Caro
I left school for good at lunchtime on the day I turned eighteen. I walked home. The house was empty. I had no plans, either for the afternoon, or for the time beyond it – my life, which stretched empty ahead. Or didn’t. It was becoming clear to everyone, now, that things were getting worse. The winter before, half of Gloucestershire had been flooded, and the waters, refusing to recede, had made a new fen, covering homes and fields, roads and schools. In York, the river had burst its banks and the city centre was gone, walls which had stood for nearly two millennia washed halfway down to Hull. People didn’t say these places were gone. They didn’t say that there were families living in caravans in service stations all along the M5, lined up in the car parks with volunteers running aid stations out of the garage forecourts. People said,
– They must have known their homes were vulnerable –
We were protected by our houses and our educations and our high-street shopping centres. We had the habit of luck and power, and couldn’t understand that they were not our right.
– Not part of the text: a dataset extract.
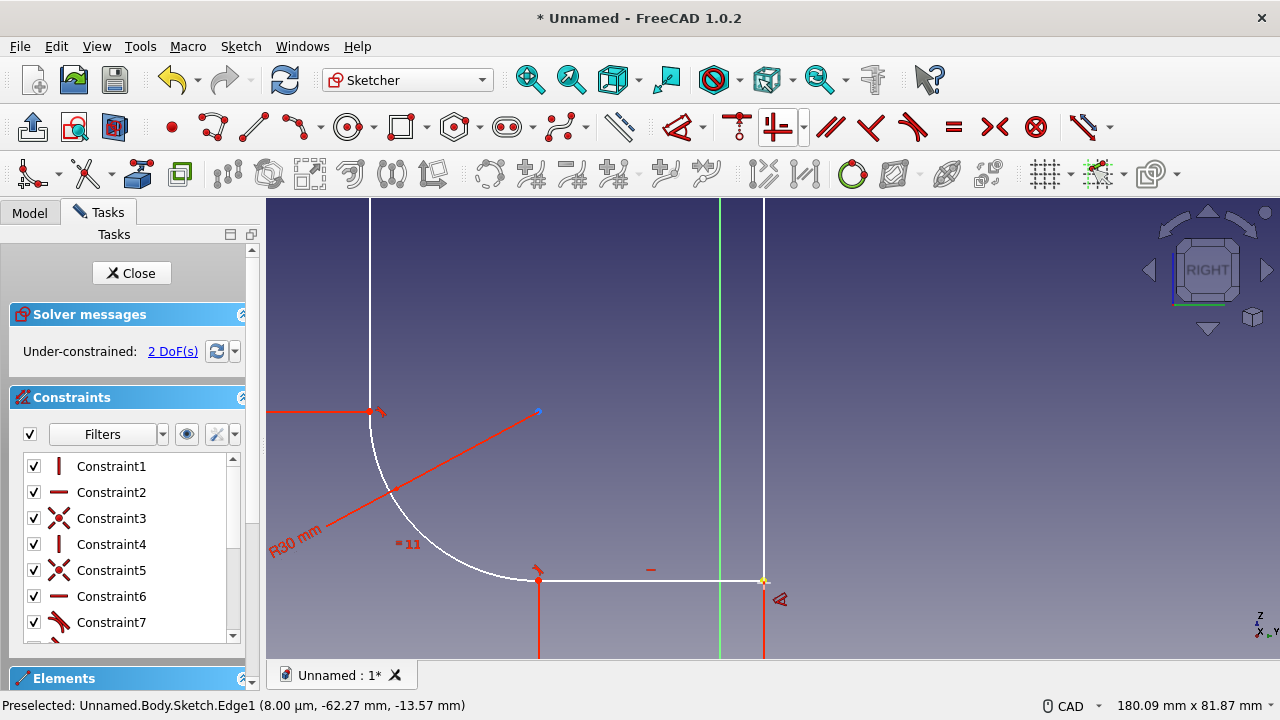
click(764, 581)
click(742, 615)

We saw that the situation was bad, elsewhere, but surely something would work out, because didn’t it always, for us? We were paralysed, unable to plan either for a future in which all was well, or one in which it wasn’t.
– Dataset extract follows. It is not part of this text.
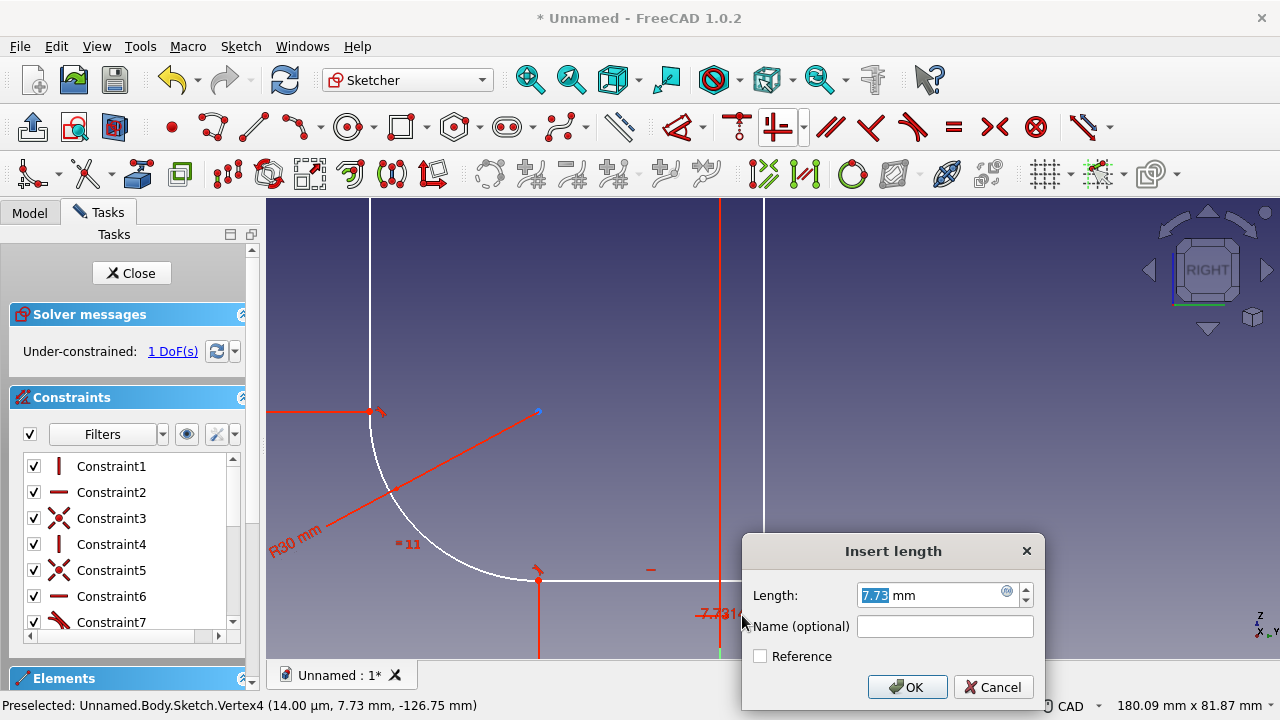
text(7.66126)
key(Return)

– I’m not going back, I said to father, when he came home from work because the school had called to tell him I had left.
– What will you do instead? he asked, and I shrugged one shoulder up and slid my eyes away. There had been daffodils in the park at Christmas. The coast path had been redrawn at six different places over the last three years.
– I have to go and pick Pauly up from nursery, I said, Unless you’re going to do it, and I walked down the road to where Pauly was waiting, standing at the gate in his coat and hat and mittens.
That evening, Francesca came home. I don’t know where she had been – which of the many places, savaged by weather, that might have needed her expertise, and her anger – but she smelled of mould and filthy water and she was exhausted. She looked thin. After Pauly was in bed I sat with her and father at the kitchen table.
– What will you do? father asked me again, and Francesca said, That’s a pretty stupid question, under the circumstances.
Father let his breath hiss out between his teeth. He said, We can’t just give up on everything.
– No, Francesca looked at me, Of course. But anyway, she said, We need you to look after Pauly.
And then I knew how absolutely she had given up herself.
Later, unable to sleep, I went downstairs to fetch a book, and, standing in the hall, I heard them talking, father and Francesca together. The door was slightly open and I watched them through the crack it made. They were still sitting at the kitchen table, just as I had left them, side by side, facing my empty chair. Father asked,
– Are you so sure?
– Yes, Francesca replied, I am. I think I am. We always knew a tipping point would come. It’s a surprise, really, that it’s taken so long.
– You could stop, father said. If there’s no point. We could stay together, for a while at least. Caro is unhappy. Paul too, probably, although I agree it’s harder to tell.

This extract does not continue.